The Lord looked at that debased city and smelt a pleasing aroma, according to the words of the Psalmist, “the sacrifices of God are broken spirit, a broken and contrite heart--this O God, You will not despise” (Ps 51: 17). Truly how wonderful is this unique spectacle! A whole city is seen contrite in dust and ashes, debased in sackcloth, from the king to the infants. Even the livestock were covered with sackcloth.

The word of God also yielded fasting and prayer as people abstained from eating and drinking, and even the beasts, herds and flocks did not eat or drink. People did not want to be occupied with feeding their flocks so that they could spare their time for worship and supplication to God. Thus, they mingled their fasting with prayer and cried “mighty to God” (Jonah 3:7,8). That is exactly what God wants us to do, not to be consumed by the vanishing needs of this world, but to devote this holy time of Lent to offer Him pure, faithful worship and supplication.

The most important fruit of the Ninevites was the strong and fast repentance. Repentance led them to salvation because sin was an obstacle between them and God. The fruit of their repentance was their humiliation, fasting, wearing sackcloth and crying to God.

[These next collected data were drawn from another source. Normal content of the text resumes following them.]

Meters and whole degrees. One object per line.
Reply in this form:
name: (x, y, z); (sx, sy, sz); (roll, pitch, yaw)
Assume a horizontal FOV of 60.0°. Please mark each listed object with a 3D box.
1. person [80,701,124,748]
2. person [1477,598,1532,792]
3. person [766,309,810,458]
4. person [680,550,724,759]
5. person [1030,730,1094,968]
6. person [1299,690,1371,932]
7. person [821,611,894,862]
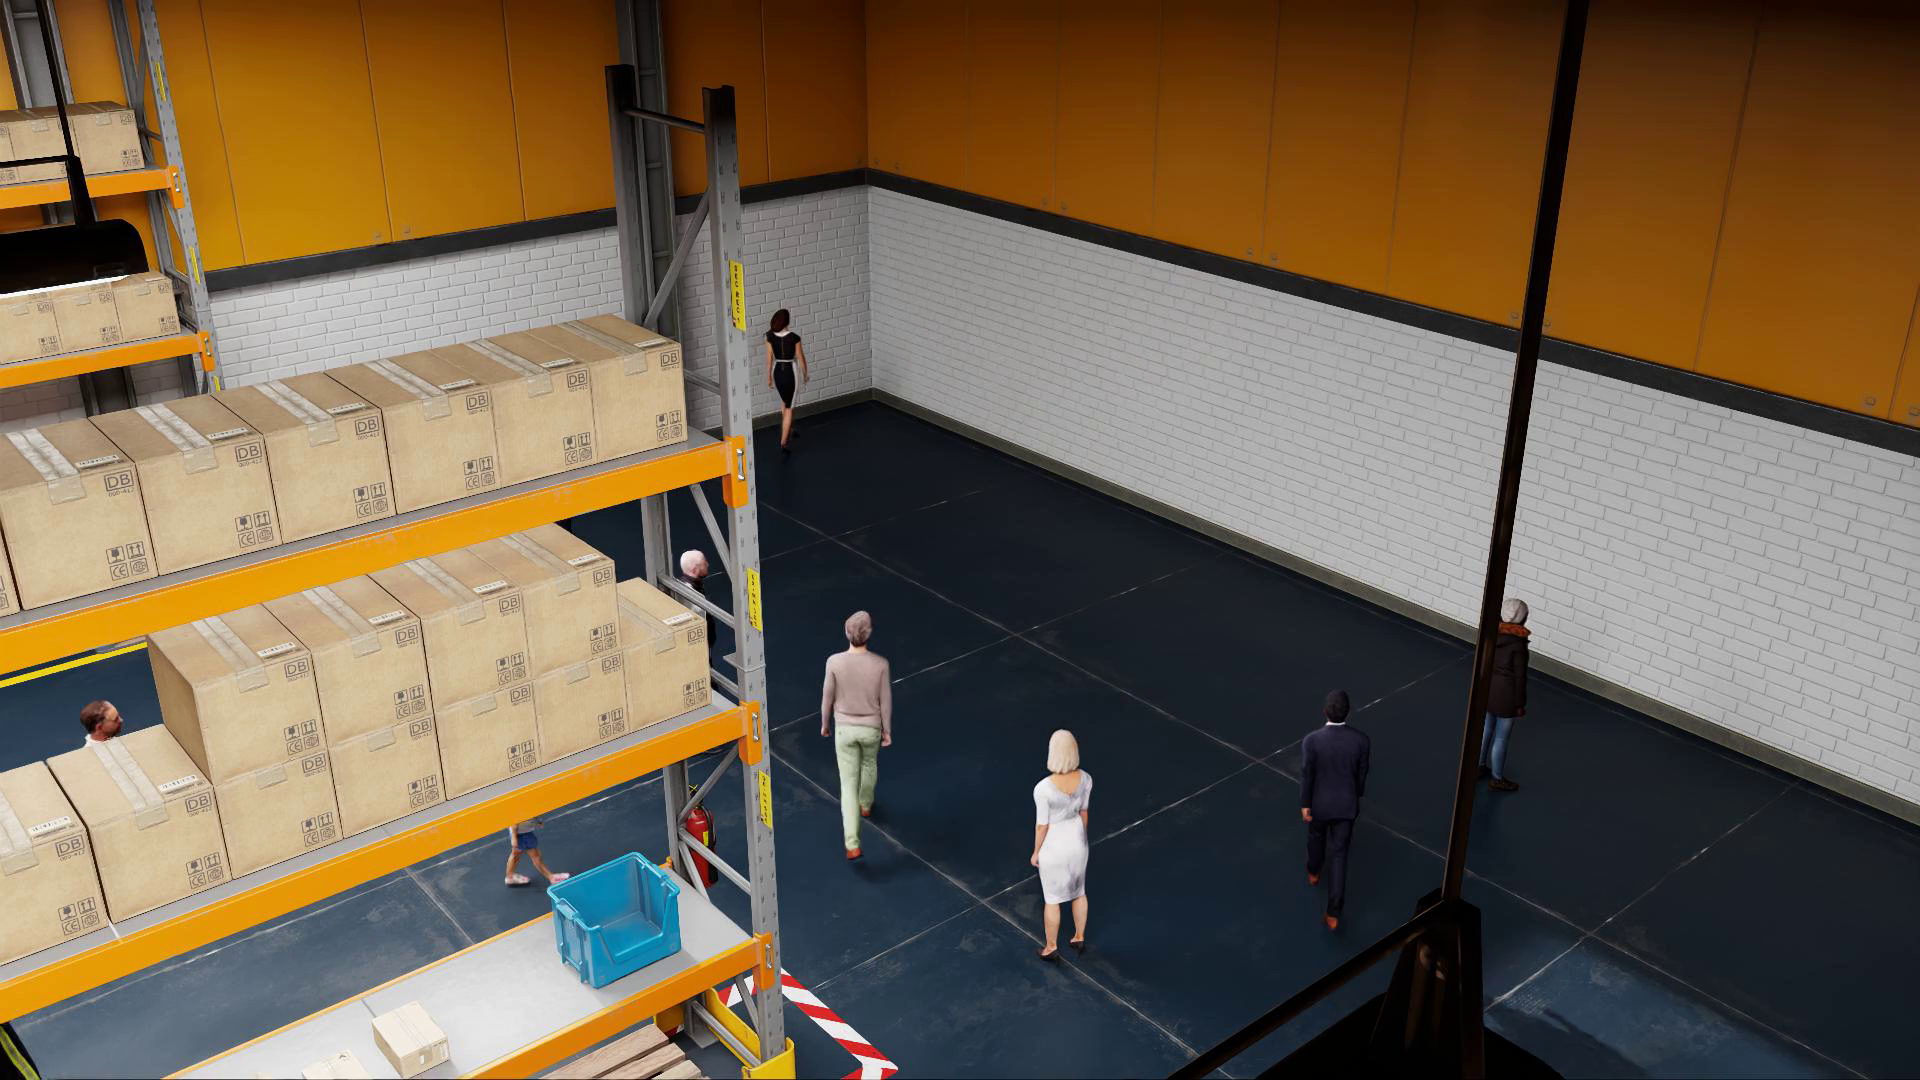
person: (-5.729, 1.916, 11.154); (1.010, 1.840, 0.865); (-7, 25, -16)
person: (4.254, 1.197, 13.057); (0.713, 1.633, 0.708); (-8, 25, -18)
person: (-2.096, -1.841, 19.830); (0.870, 1.774, 1.007); (7, 25, 16)
person: (-2.237, 0.950, 13.396); (0.898, 1.814, 0.848); (-3, 24, -6)
person: (0.686, 2.034, 10.994); (0.535, 1.751, 0.680); (-10, 26, -22)
person: (2.576, 1.877, 11.431); (1.135, 1.688, 1.200); (2, 24, 4)
person: (-0.741, 1.465, 12.181); (1.314, 1.842, 1.213); (-3, 24, -8)
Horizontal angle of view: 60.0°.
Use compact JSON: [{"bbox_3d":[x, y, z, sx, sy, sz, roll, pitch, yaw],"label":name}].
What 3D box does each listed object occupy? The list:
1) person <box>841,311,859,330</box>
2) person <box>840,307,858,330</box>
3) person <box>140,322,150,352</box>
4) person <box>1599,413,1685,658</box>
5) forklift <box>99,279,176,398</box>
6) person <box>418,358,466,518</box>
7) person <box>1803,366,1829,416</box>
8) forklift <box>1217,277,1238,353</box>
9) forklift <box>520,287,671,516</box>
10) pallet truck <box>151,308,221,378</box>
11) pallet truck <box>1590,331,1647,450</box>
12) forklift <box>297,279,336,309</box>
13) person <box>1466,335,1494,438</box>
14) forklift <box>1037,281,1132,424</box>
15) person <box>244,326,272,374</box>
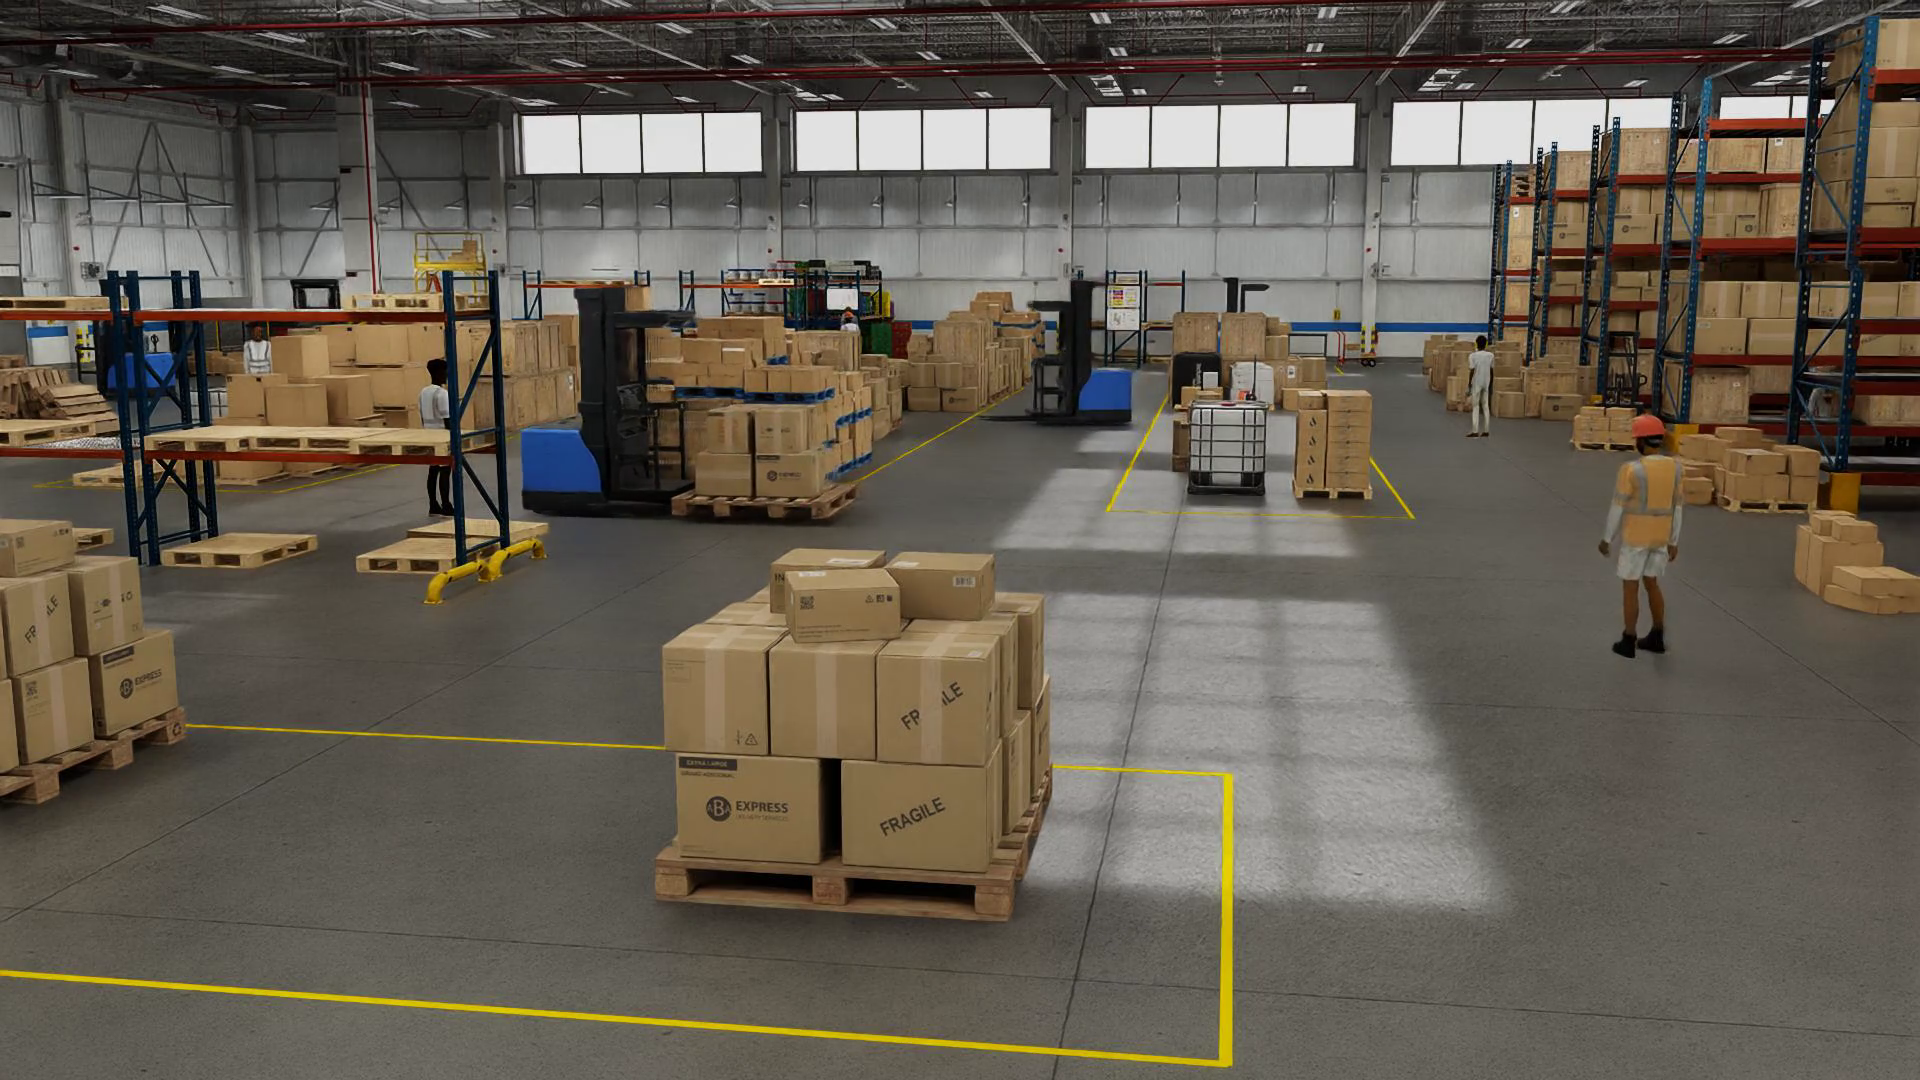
[{"bbox_3d":[-3.000,-5.221,45.049,0.546,1.930,0.390,-6,11,-33],"label":"person"},{"bbox_3d":[-3.437,-6.263,51.472,0.628,1.931,0.364,-7,12,-37],"label":"person"},{"bbox_3d":[-22.851,-5.277,46.313,0.361,1.616,0.575,8,12,40],"label":"person"},{"bbox_3d":[5.343,-0.031,13.044,0.554,1.929,0.431,-3,10,-17],"label":"person"},{"bbox_3d":[-19.638,-4.721,39.032,1.873,2.768,1.129,1,9,9],"label":"forklift"},{"bbox_3d":[-6.379,-1.246,20.411,0.606,1.966,0.367,8,12,41],"label":"person"},{"bbox_3d":[16.460,-2.960,32.103,0.816,1.604,0.520,1,9,6],"label":"person"},{"bbox_3d":[7.882,-6.233,48.353,1.873,2.768,1.129,1,9,9],"label":"forklift"},{"bbox_3d":[-4.451,-1.758,20.755,1.873,2.768,1.129,1,9,9],"label":"forklift"},{"bbox_3d":[-21.869,-5.598,47.154,0.823,1.965,1.885,4,10,26],"label":"pallet truck"},{"bbox_3d":[11.253,-2.573,28.499,0.823,1.965,1.885,5,10,27],"label":"pallet truck"},{"bbox_3d":[-16.002,-5.128,41.544,1.129,2.768,1.873,-3,10,-18],"label":"forklift"},{"bbox_3d":[9.429,-2.779,30.183,0.515,1.866,0.333,-2,9,-12],"label":"person"},{"bbox_3d":[2.396,-3.709,32.792,1.873,2.768,1.129,-1,9,-5],"label":"forklift"},{"bbox_3d":[-14.560,-3.494,34.572,0.605,1.865,0.645,-3,10,-19],"label":"person"}]

Their repentance was a sincere repentance in every meaning of the word, serious and from the heart, in which everyone turned “from his evil way and from the violence that was in hand” (Jonah3:8). It is a strong invitation to all of us to turn away from our sins and offer a sincere serious repentance.

By this repentance they deserved God’s mercy. He forgave them, received them and joined them to His own. In this respect the Holy Bible says: “Then God saw their works, that they turned from their evil way and God relented from the disaster that He had said He would bring upon them, and He did not do it” (John 3:10).

Obviously repentance supported with prayer, fasting and supplication are the ways to win God’s mercy and forgiveness of our sins. The Holy Bible did not say when the Lord saw their fasting, prayer and affliction, but said: “Then God saw their works that they turned from their way." Therefore repentance was the reason for God’s mercy on them. Their fasting, prayer and humiliation were fruits of repentance.

Good Soil for Sowing

Let us pause for a while at a verse said of the repentance of Nineveh that is “It repented at the preaching of Jonah.” (Matt 12:41) The Holy Bible record for us in this respect does not exceed one phrase in which was mentioned that Jonah entered the city on the first day walk and cried out saying “Yet forty days, and Nineveh shall be overthrown” (Jonah 3:4).

Previously, Lot had said of Sodom: “The Lord will destroy this city” (Gen. 19:14), yet no one was affected and no one repented. The people heard of the flood that was going to destroy the whole earth, and they saw the Ark being built, yet no one repented and they were all destroyed.

How many times did the warning from death fail to change our ways? How many times do we experience this in our life when one of our beloved ones suddenly leaves this world?

What was the secret behind the repentance of Nineveh and its salvation? Was it Jonah’s preaching and its deep effect on the souls of the Ninevites?

Or was it due to the strong inner readiness of the heart so that every divine word brought about an effect because the heart was ready to hear and put into action, and the soil was good for sowing? We can say that the repentance of the people of Nineveh was mainly due to the readiness of their hearts.

It was this readiness that made God send His prophet to them, and as the apostle says: “For whom He foreknew He also predestined” (Rom 8:29).

Indeed readiness of our heart plays a major role in the act of repentance. God rejoiced, the angels rejoiced, congratulating one another, saying, “Nineveh has believed and repented, and one hundred and twenty thousand persons have joined the kingdom of God in one day.”

Dear beloved friends how many “Jonahs” have we met and heeded or ignored each day in our lives, warning us and asking us to repent and come back to our Savior Jesus Christ. Let us imitate those Ninevites, so we can hear all the angels in Heaven rejoicing and congratulating one another saying that one person has joined the kingdom of God.